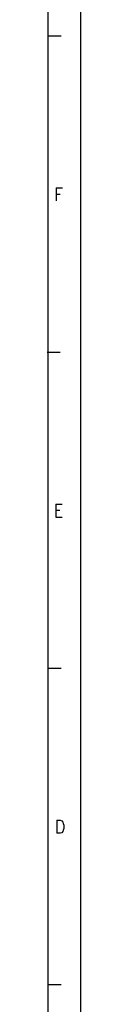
# Model space of a CAD drawing. Header units: millimetres. Extents: x -418 to 1575, y -634 to 914.
# Tile 18 of 49: x 417 to 422, y -3 to 148. Entities that reach past the tile are written whole.
import ezdxf

# ---------------------------------------------------------------- set-up
doc = ezdxf.new("R2010")
doc.units = ezdxf.units.MM
doc.layers.add('1', color=7, linetype='Continuous')
doc.styles.add('CONVERTER_12', font='txt.shx', dxfattribs={"width": 0.9})

# ---------------------------------------------------------------- blocks, each defined once
blk = doc.blocks.new('_A1', base_point=(416.98, -145.5))
at = {"layer": '1', "color": 2, "linetype": 'Continuous'}
for p, q in [((421.98, -150.5), (421.98, 443.5)), ((418.98, 145.7), (416.98, 145.7)), ((418.82, 97.03), (416.82, 97.03)), ((418.98, 48.37), (416.98, 48.37)), ((418.98, -0.3), (416.98, -0.3))]:
    blk.add_line(p, q, dxfattribs=at)
at = {"layer": '1', "color": 7, "linetype": 'Continuous'}
blk.add_line((416.98, -145.5), (416.98, 438.5), dxfattribs=at)
at = {"layer": '1', "color": 2, "char_height": 2, "attachment_point": 4, "line_spacing_factor": 1.20048, "style": 'CONVERTER_12'}
for s, insert in [('F', (417.87, 121.37)), ('E', (417.82, 72.7)), ('D', (417.98, 24.03))]:
    blk.add_mtext(s, dxfattribs=dict(at, insert=insert))

msp = doc.modelspace()

# ---------------------------------------------------------------- block references
msp.add_blockref('_A1', (416.98, -145.5))

doc.saveas('drawing.dxf')
--
◆ Task objective
Make an exact copy of the records above, one that has none of the pictures.

◆ Solved exercise
# Model space of a CAD drawing. Header units: millimetres. Extents: x -418 to 1575, y -634 to 914.
# Tile 18 of 49: x 417 to 422, y -3 to 148. Entities that reach past the tile are written whole.
import ezdxf

# ---------------------------------------------------------------- set-up
doc = ezdxf.new("R2010")
doc.units = ezdxf.units.MM
doc.layers.add('1', color=7, linetype='Continuous')
doc.styles.add('CONVERTER_12', font='txt.shx', dxfattribs={"width": 0.9})

# ---------------------------------------------------------------- blocks, each defined once
blk = doc.blocks.new('_A1', base_point=(416.98, -145.5))
at = {"layer": '1', "color": 2, "linetype": 'Continuous'}
for p, q in [((421.98, -150.5), (421.98, 443.5)), ((418.98, 145.7), (416.98, 145.7)), ((418.82, 97.03), (416.82, 97.03)), ((418.98, 48.37), (416.98, 48.37)), ((418.98, -0.3), (416.98, -0.3))]:
    blk.add_line(p, q, dxfattribs=at)
at = {"layer": '1', "color": 7, "linetype": 'Continuous'}
blk.add_line((416.98, -145.5), (416.98, 438.5), dxfattribs=at)
at = {"layer": '1', "color": 2, "char_height": 2, "attachment_point": 4, "line_spacing_factor": 1.20048, "style": 'CONVERTER_12'}
for s, insert in [('F', (417.87, 121.37)), ('E', (417.82, 72.7)), ('D', (417.98, 24.03))]:
    blk.add_mtext(s, dxfattribs=dict(at, insert=insert))

msp = doc.modelspace()

# ---------------------------------------------------------------- block references
msp.add_blockref('_A1', (416.98, -145.5))

doc.saveas('drawing.dxf')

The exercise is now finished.